We have encountered that kind of bride in the article, and as I recall we talked about it and decided that they were adults and not starting out and didn't actually need anything we could buy them. So we didn't buy a gift, because the registry stuff was all very expensive, buying someone part of a sofa is a bit off, and giving employed people cash is also a bit off.

Historically, the kind of household-goods roundup that the writer describes was done in poorer communities and reciprocation was expected. I think in the absence of that kind of social contract, in an age when most people have (a) lots of household goods and (b) little attachment to them, giving a dining room chair or coffee table isn't going to seem very wedding-like.

Lately we have been giving carefully-chosen fine art, framed, which is usually much more costly than a silver setting or china place setting and has always been enthusiastically received. But art is often something people don't buy for themselves, though they love it when they have it.
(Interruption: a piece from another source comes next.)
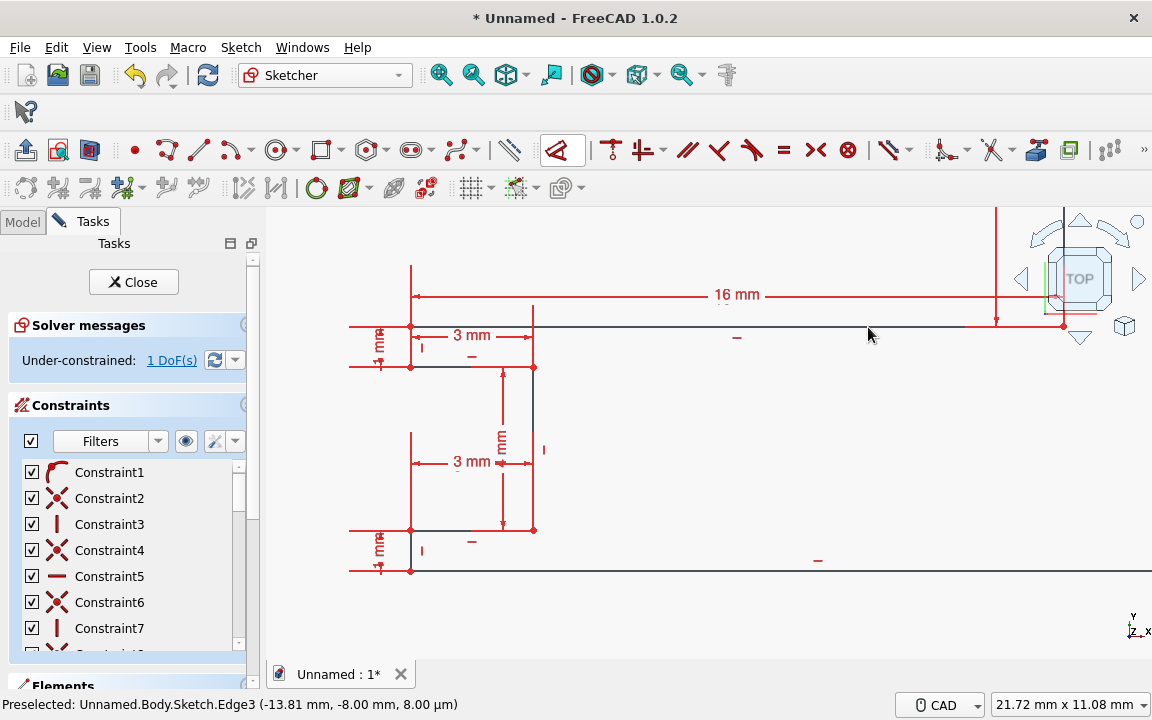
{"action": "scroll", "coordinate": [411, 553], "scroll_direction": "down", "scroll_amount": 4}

[identity profile] telophase.livejournal.com 2011-11-15 05:54 pm (UTC)(link)
If Toby and I were younger and just starting out together, the registry would be awesome. But as you know, we've been living on our own for years and when we combined households, we had to get rid of lots of stuff that was duplicated, so the need for stuff just isn't there.

We did, however, figure out one thing that could go on a registry - Toby was making me Brunswick stew from Cook's Country this weekend and we ran into our usual problem, that the crockpot is a little bit smaller than the crockpot used in most recipes, so we have to adjust all the measurements down by 25% or so, so the stuff will fit. In general, this isn't much of a problem because it's a perfectly functional crockpot so we can't really justify buying a new one when there's other things that need money spent on them first ... but we could research a good one and put it on a registry, and if someone bought it for us, awesome, and if not, then no biggie.

So I think the current plan is to do some research on kitchen stuff and find out the most recommended items and slap them on a registry somewhere. If people get them for us, great, if not we won't be bothered by it and will have a shopping list for future purchases.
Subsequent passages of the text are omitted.